3 Element Vectors in Memory

I’m converting some particle system code from using OpenGL shaders to update particle positions. This code currently stores the positions and velocities of particles as 3 element floating point vectors, and uses vec3’s to do the calculation.

Looking at the OpenCL spec I notice that vectors can only be sized in powers of 2. This isn’t a great hardship in the actual calculation, as I understand most hardware would have 128 bit vectors anyway, so I shouldn’t get a penalty. I would be specifying a third more work for a scalar architecture, but I’d hope that could be pruned if a compiler sees I’m not using the result.

The problem is reading the data into the kernel. Is there a nice way of getting the data in/out a single access, or am I resigned to doing something like:

__kernel particle (global float * positions, global float * velocities) {
    int idx = get_global_id(0) * 3;
    float4 position = (float4) (positions[idx +0], positions[idx +1], positions[idx +2], 1.0)
    float4 velocity = (float4) (velocities[idx +0], velocities[idx +1], velocities[idx +2], 0.0)

    .....

    positions[idx +0] = position.x;
    positions[idx +1] = position.y;
    positions[idx +2] = position.z;
    velocities[idx +0] = velocity.x;
    velocities[idx +1] = velocity.y;
    velocities[idx +2] = velocity.z;
}

I’d like to keep the 3 element structure in memory to avoid a 33% increase in memory for no gain.

Paul

This may be more suitable in one of the other forums, but they don’t seem to be active. If the moderators want to move the thread that’s fine by me.

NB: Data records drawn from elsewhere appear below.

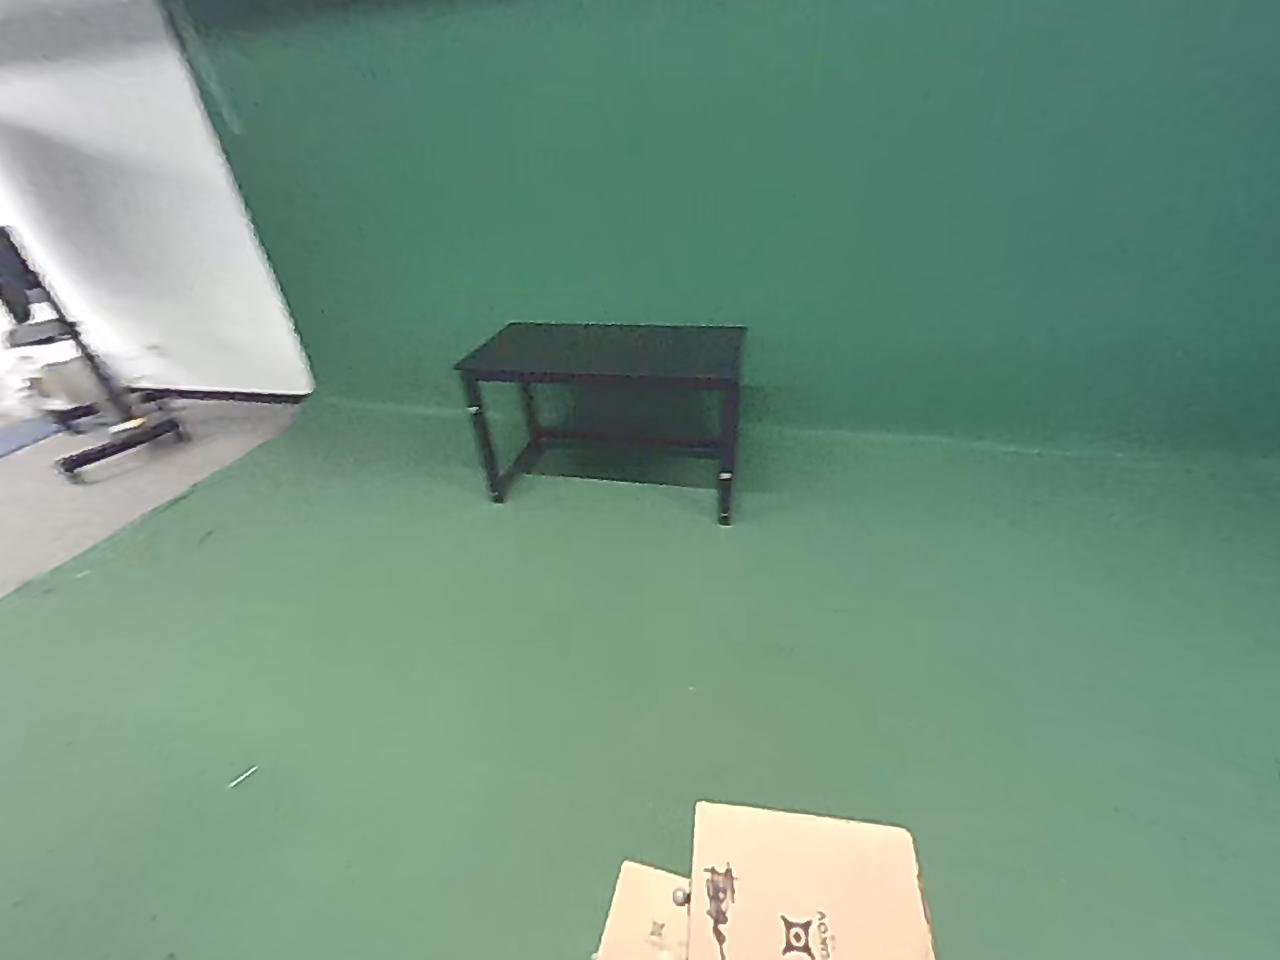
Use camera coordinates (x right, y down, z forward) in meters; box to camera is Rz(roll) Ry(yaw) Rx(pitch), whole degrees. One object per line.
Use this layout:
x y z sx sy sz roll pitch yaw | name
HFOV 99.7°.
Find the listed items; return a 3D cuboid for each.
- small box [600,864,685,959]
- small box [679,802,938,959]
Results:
0.034 0.791 0.895 0.168 0.176 0.179 7 34 15 | small box
0.121 0.387 0.431 0.179 0.176 0.168 4 41 8 | small box
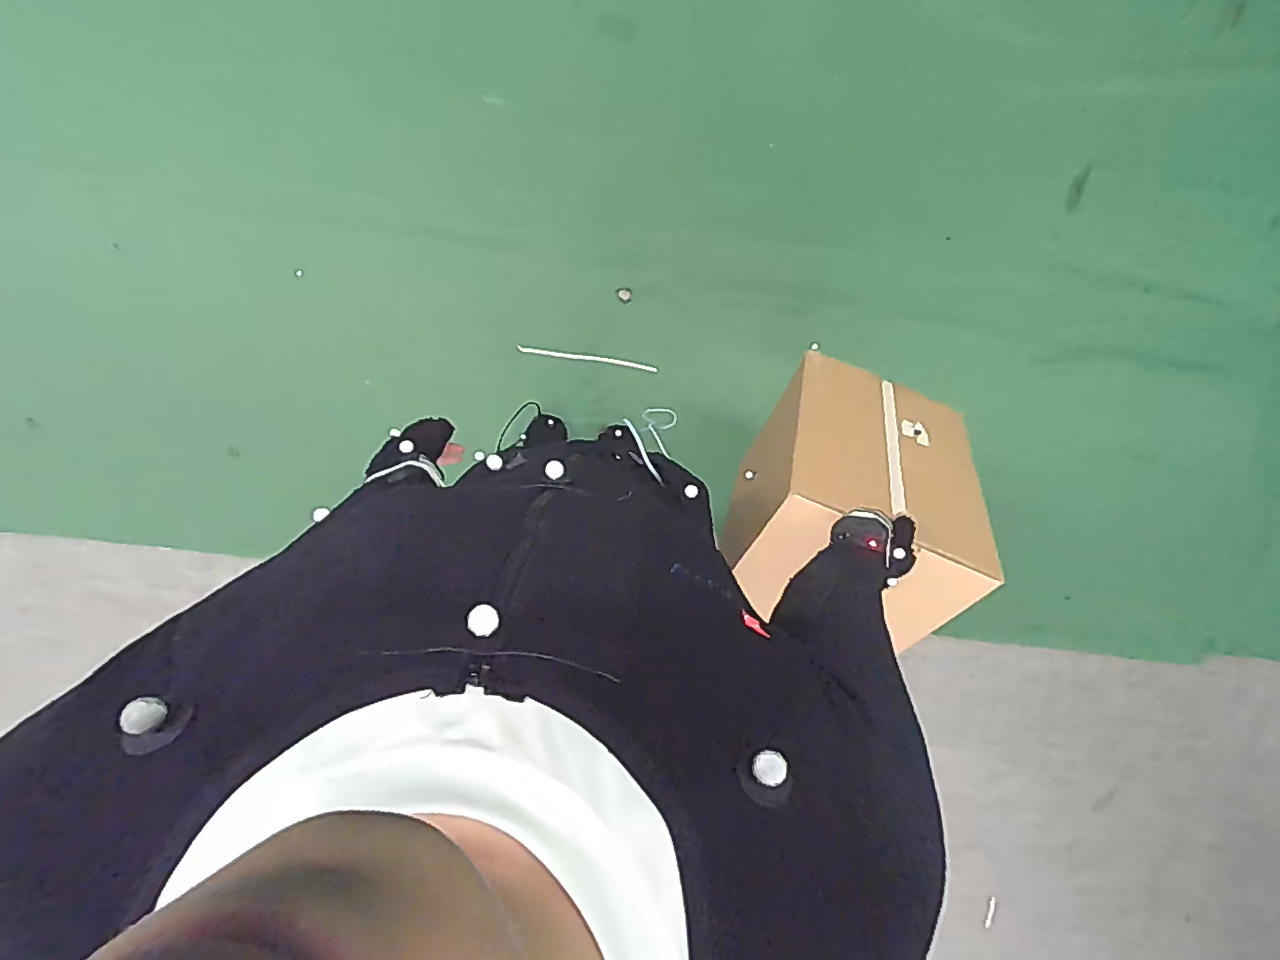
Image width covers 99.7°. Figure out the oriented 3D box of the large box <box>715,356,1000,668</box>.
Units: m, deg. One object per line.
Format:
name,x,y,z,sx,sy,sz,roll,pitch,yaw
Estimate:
large box,0.355,0.051,0.971,0.320,0.408,0.320,24,134,-1
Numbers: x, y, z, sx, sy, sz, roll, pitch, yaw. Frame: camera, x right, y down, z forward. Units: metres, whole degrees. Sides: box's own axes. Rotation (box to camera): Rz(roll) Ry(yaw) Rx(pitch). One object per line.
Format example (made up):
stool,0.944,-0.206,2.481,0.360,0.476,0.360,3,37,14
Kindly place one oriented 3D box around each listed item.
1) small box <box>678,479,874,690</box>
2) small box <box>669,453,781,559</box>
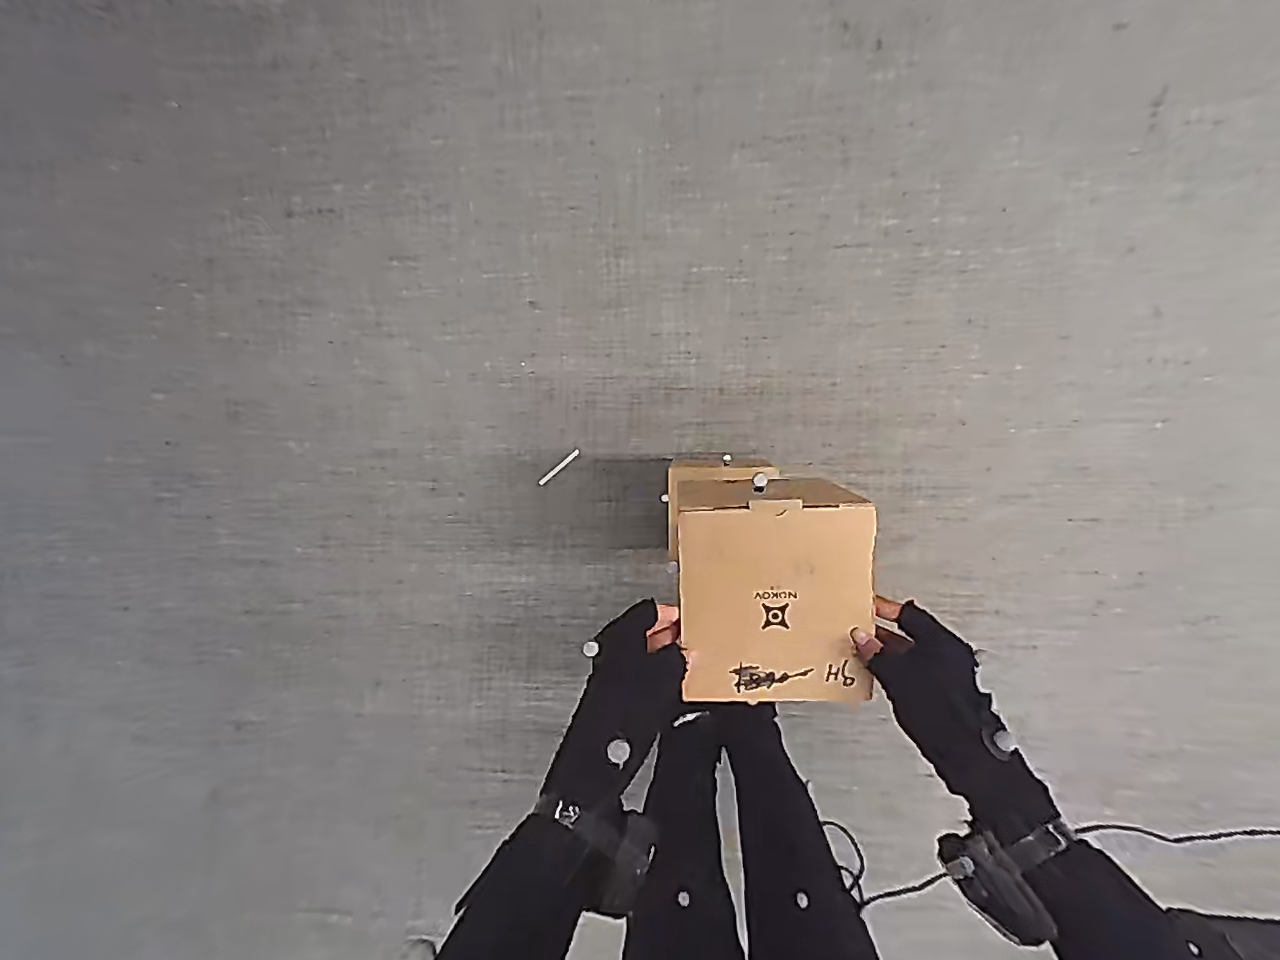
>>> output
small box,0.123,0.091,0.550,0.168,0.176,0.179,-1,97,4
small box,0.142,0.042,0.944,0.179,0.176,0.168,1,97,5
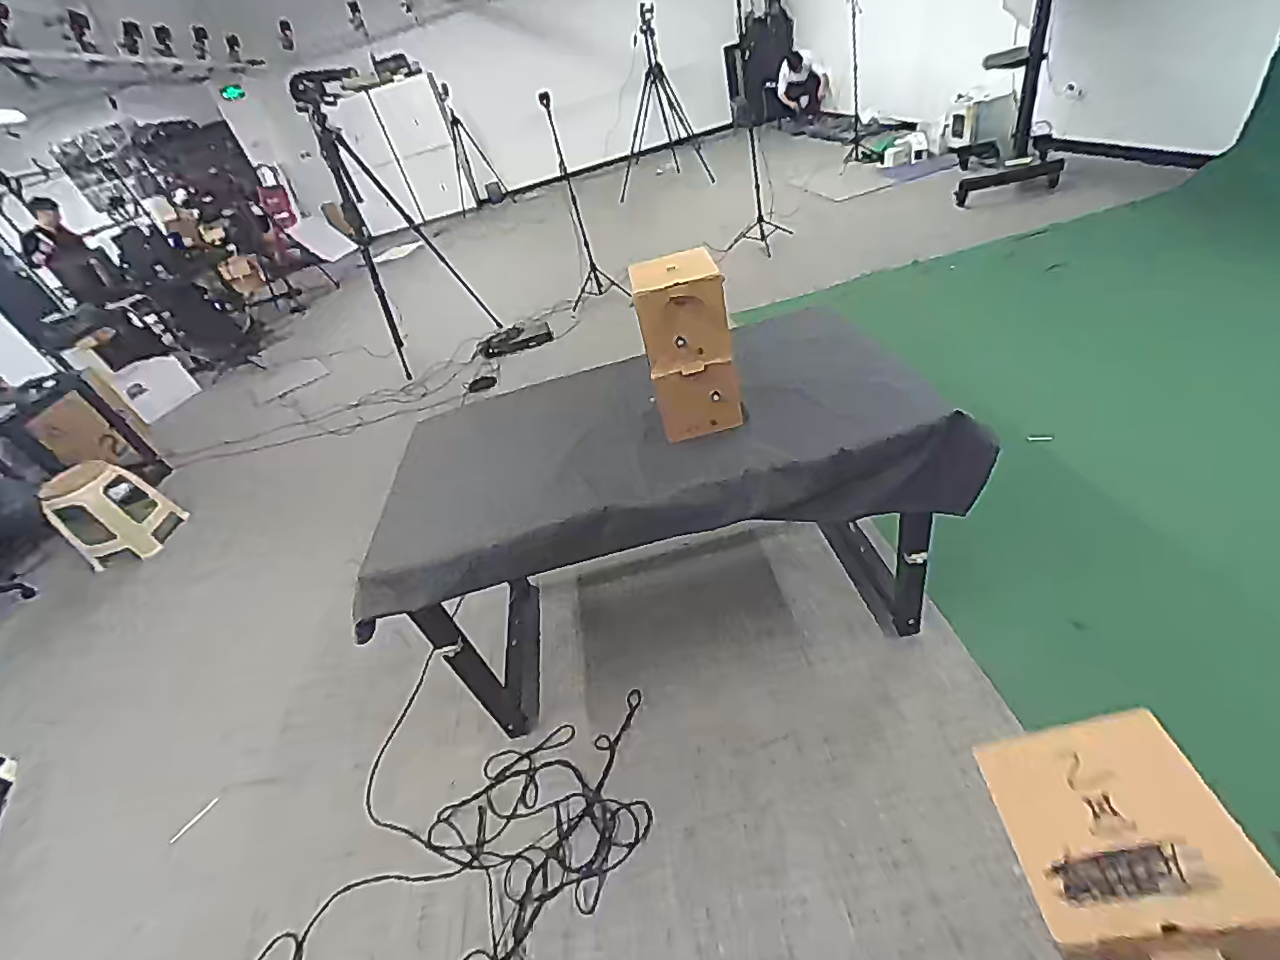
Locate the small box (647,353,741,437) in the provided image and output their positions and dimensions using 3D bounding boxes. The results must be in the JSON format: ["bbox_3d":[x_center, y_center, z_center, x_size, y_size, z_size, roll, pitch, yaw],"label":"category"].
[{"bbox_3d":[0.116,-0.207,1.177,0.168,0.176,0.179,-13,36,4],"label":"small box"}]

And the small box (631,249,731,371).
[{"bbox_3d":[0.081,-0.342,1.091,0.168,0.176,0.179,-13,38,4],"label":"small box"}]
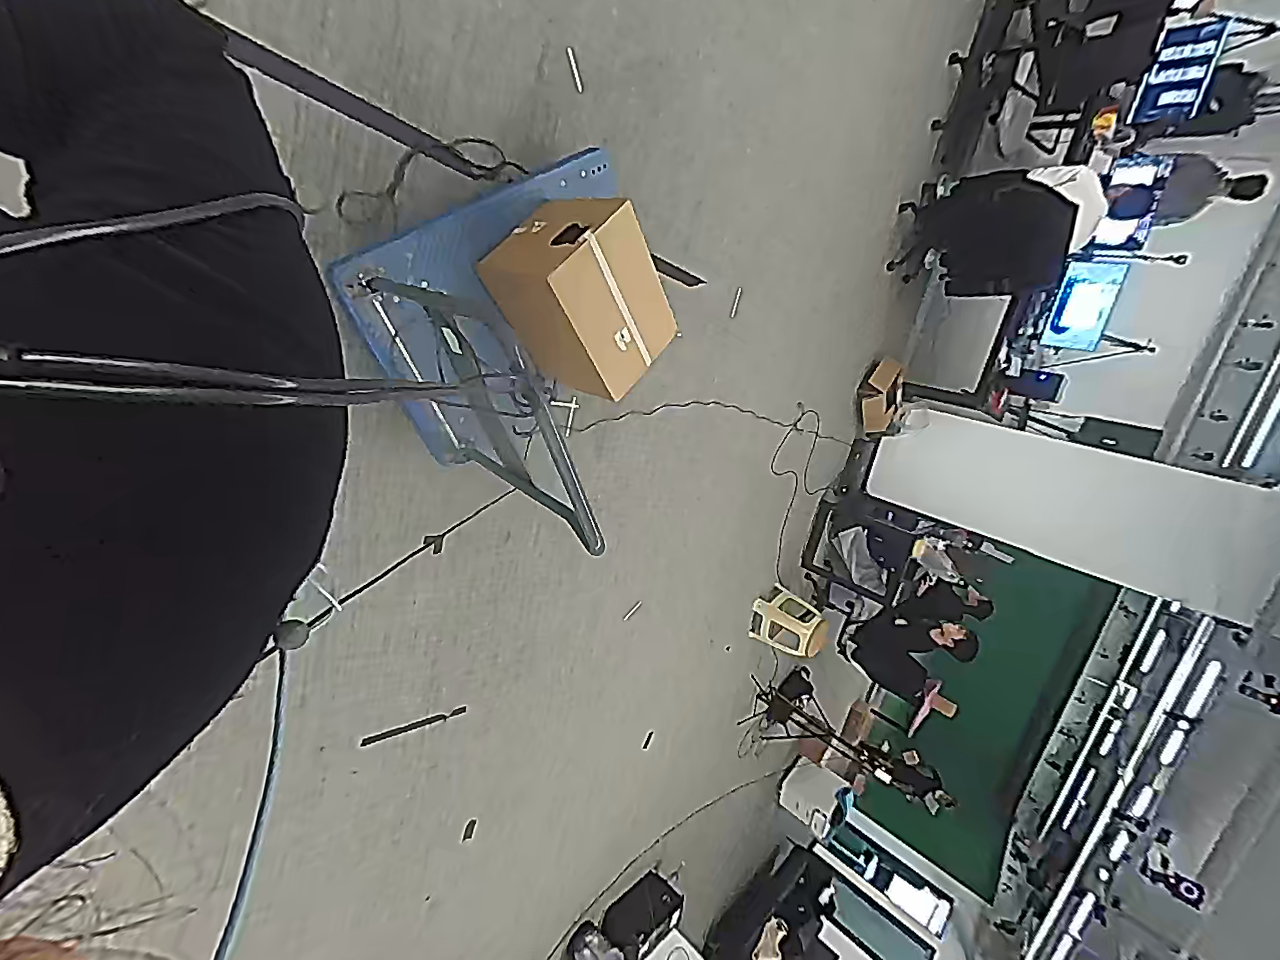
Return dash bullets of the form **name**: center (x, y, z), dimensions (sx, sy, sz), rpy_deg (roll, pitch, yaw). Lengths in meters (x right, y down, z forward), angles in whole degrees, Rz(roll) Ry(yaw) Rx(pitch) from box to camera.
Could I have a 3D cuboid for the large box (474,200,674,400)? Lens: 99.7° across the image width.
- **large box**: center (-0.166, -0.490, 1.478), dimensions (0.320, 0.320, 0.408), rpy_deg (-51, 140, -19)

CL 1.0 doesn’t support 3-element vectors. You have several options: take the 33% hit up front and transfer 4-element vectors to the GPU, transfer the data as 3-element vectors and then write your kernels to access it manually as such, or transfer the data as 3-element vectors and run a kernel that unpacks it on the GPU.

The optimal solution will depend on the amount of data you need to transfer and the speedup from using float4 types vs. float types on a given architecture. (E.g., on AMD you will see a big win using a float4 so options 1 or 3 are probably worth it, on Nvidia it will be less, but un-aligned memory accesses may not be readily coalesced so it’s not clear.)